On a trail run with Lukas we felt to be lost quite often. Even though we had planned the tour beforehand and had a GPX file. But we don't have navigation watches (yet) and getting your phone out of the pocket is a bit tedious. So I want to compare our planned and actual route using Python.

Loading GPX Data

First gpxpy is used to load the GPX files. The data gets summarized and saved for later in a pandas DataFrame. Furthermore the elevation difference, cumulative distance and vertical speed are calculated

 1
 2
 3
 4
 5
 6
 7
 8
 9
10
11
12
13
14
15
16
17
18
19
20
21
22
23
24
25
26
27
28
29
30
31
32
33
34
35
36
37
38
39
40
41
42
43
44
45
46
47
48
49
50
import os
import pandas as pd
import matplotlib.pyplot as plt
import gpxpy
from geopy import distance
import folium


def load_gpx(file_name):
    gpx = gpxpy.parse(open(file_name))
    track = gpx.tracks[0]
    segment = track.segments[0]
    print(f"File: {file_name}")
    print(f"Points: {len(segment.points)}")
    print(f"Length: {segment.length_2d() / 1000:.1f} km")
    print(f"Up:     {segment.get_uphill_downhill().uphill:.0f} m")
    print(f"Down:   {segment.get_uphill_downhill().downhill:.0f} m\n")

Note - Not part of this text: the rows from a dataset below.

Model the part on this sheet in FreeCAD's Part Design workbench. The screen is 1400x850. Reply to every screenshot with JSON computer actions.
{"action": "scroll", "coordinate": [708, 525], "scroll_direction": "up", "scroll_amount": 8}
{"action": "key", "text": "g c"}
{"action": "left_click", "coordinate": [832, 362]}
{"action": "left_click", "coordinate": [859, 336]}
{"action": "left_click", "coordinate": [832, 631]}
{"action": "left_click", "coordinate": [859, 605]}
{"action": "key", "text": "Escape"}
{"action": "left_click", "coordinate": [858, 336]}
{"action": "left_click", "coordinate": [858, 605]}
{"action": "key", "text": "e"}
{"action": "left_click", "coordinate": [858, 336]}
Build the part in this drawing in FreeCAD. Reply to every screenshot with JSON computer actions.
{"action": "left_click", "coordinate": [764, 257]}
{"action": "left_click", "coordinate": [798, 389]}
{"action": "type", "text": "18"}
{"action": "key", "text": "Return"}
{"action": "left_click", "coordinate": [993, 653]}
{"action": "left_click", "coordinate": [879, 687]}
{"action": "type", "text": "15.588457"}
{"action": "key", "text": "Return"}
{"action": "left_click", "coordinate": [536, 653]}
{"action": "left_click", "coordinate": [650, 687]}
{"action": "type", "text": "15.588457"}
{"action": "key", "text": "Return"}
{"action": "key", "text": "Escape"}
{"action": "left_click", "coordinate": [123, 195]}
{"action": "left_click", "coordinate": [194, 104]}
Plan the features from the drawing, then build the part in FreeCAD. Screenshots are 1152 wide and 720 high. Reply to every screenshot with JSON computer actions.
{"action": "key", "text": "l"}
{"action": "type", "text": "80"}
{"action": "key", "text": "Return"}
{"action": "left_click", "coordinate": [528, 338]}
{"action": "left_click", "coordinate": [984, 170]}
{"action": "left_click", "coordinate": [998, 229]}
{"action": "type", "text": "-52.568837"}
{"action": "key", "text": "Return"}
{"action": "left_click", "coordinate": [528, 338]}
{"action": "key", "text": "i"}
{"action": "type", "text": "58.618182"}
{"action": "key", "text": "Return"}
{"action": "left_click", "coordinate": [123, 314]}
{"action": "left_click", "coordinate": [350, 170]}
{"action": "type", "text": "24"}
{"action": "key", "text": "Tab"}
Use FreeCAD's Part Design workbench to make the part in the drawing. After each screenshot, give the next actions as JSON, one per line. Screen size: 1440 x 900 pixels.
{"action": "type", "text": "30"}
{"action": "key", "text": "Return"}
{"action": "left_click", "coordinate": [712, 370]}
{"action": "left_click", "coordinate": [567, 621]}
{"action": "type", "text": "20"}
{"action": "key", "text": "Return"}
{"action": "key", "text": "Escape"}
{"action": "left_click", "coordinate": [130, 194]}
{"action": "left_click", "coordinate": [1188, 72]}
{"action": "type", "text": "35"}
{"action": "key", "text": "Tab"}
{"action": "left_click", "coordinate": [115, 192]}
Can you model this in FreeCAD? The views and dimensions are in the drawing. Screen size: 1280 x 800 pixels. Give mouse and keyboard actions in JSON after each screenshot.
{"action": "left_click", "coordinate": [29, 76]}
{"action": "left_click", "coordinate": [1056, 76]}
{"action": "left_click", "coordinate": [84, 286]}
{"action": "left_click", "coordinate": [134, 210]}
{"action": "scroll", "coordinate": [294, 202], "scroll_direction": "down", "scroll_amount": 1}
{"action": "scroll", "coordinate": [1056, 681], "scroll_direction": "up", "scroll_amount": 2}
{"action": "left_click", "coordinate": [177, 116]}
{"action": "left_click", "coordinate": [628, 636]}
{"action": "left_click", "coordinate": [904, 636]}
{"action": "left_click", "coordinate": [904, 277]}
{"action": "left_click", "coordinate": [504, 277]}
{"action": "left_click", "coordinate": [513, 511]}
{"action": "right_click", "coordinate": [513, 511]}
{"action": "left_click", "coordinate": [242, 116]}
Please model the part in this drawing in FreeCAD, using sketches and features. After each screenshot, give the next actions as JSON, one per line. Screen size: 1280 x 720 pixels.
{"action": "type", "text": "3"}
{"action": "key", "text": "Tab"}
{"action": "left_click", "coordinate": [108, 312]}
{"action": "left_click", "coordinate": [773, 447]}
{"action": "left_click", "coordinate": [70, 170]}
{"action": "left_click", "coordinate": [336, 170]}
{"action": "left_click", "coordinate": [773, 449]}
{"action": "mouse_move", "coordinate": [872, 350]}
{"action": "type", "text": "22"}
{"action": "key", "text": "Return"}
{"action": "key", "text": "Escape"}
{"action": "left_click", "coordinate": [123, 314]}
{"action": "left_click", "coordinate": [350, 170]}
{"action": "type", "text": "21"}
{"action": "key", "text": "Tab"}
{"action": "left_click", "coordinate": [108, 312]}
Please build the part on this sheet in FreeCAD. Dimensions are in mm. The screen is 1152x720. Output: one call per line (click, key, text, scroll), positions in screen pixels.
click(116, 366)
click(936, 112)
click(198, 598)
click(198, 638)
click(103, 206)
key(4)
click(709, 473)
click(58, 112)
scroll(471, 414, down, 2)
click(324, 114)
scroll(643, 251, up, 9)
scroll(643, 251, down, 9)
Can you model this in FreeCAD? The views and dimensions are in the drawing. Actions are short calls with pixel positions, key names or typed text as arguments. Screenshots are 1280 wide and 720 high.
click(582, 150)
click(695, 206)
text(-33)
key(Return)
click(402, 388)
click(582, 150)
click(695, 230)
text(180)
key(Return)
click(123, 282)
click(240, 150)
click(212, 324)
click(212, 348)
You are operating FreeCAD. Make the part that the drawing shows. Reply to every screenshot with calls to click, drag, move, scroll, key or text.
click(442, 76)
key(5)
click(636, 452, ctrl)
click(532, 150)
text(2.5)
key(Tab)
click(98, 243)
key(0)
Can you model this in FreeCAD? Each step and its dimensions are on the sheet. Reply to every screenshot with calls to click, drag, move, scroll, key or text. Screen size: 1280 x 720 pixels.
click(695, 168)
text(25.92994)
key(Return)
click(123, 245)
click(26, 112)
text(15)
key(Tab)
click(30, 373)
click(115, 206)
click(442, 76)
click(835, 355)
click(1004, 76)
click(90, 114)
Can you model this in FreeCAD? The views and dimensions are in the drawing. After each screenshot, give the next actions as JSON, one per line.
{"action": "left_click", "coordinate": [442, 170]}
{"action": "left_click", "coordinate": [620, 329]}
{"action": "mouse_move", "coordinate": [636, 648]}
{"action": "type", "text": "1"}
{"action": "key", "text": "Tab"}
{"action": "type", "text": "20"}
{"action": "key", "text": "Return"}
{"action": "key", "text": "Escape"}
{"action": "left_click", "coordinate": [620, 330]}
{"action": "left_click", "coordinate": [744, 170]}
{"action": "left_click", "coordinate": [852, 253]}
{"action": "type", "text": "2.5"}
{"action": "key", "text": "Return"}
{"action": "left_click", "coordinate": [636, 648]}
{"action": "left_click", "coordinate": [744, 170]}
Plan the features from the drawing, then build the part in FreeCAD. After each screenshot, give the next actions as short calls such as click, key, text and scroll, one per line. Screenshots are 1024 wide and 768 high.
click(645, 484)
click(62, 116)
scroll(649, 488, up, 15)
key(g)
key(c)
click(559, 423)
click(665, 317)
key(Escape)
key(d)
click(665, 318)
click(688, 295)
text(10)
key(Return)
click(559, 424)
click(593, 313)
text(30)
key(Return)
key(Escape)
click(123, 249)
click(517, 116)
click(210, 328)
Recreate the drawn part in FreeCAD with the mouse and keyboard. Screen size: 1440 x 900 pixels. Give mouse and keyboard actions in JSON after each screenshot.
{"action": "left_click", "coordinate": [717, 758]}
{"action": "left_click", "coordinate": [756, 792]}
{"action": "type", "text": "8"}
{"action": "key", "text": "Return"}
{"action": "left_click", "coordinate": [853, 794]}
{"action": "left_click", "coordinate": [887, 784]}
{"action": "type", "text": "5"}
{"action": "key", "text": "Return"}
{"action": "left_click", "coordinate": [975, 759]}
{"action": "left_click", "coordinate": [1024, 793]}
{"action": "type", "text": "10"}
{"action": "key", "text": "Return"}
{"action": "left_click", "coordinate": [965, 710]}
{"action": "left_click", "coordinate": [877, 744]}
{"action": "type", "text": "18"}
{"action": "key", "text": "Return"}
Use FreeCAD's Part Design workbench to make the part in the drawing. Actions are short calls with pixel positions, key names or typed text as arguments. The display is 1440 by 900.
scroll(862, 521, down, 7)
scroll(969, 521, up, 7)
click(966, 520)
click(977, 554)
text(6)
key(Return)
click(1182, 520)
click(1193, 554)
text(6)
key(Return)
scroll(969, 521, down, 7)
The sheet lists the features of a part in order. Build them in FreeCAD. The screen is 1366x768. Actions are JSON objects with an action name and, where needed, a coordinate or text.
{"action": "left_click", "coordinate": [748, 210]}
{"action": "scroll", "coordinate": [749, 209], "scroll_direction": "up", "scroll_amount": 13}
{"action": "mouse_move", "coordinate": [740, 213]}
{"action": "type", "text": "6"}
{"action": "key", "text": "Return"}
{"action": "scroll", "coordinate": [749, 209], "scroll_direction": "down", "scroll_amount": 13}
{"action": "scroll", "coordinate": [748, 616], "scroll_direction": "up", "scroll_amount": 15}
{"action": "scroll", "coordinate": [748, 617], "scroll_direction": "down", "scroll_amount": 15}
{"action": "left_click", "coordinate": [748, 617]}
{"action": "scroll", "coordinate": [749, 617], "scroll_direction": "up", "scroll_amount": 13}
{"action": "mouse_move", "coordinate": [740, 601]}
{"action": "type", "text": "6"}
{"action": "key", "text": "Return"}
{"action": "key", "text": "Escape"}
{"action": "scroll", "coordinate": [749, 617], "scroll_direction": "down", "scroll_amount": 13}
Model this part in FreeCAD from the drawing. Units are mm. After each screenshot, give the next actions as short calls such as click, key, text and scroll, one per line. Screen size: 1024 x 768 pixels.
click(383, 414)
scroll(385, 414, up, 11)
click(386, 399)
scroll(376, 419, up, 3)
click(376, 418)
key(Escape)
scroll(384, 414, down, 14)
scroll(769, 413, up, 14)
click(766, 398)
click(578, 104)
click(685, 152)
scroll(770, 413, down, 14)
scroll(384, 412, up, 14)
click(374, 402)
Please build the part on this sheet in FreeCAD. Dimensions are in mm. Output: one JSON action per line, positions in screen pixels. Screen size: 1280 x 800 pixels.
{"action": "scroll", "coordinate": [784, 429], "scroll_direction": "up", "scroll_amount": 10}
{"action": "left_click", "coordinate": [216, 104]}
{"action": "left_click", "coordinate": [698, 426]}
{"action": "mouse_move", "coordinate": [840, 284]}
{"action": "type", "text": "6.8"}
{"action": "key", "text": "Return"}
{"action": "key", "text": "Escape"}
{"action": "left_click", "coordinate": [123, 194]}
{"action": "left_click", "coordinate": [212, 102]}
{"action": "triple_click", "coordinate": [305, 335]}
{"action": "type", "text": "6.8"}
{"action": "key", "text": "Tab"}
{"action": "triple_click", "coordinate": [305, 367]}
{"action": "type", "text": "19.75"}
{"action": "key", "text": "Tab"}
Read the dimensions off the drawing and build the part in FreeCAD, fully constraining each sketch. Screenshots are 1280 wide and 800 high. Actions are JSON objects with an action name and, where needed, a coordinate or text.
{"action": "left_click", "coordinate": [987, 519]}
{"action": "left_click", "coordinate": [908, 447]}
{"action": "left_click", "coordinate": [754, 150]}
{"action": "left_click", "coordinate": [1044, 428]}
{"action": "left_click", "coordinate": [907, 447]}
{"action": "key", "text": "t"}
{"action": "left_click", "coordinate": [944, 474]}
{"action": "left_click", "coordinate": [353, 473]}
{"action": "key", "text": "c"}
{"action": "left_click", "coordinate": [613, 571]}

    # Load the data into a Pandas dataframe (by way of a list)
    data = []
    for point_idx, point in enumerate(segment.points):
        data.append([point.longitude, point.latitude, point.elevation,
                     point.time, segment.get_speed(point_idx)
                     ])

    columns = ['long', 'lat', 'ele', 'time', 'speed']
    gpx_df = pd.DataFrame(data, columns=columns)

    # Calculate elevation diff, cumulative distance and vertical speed
    gpx_df['ele_d'] = gpx_df.ele.diff(1)
    gpx_df = get_distance(gpx_df)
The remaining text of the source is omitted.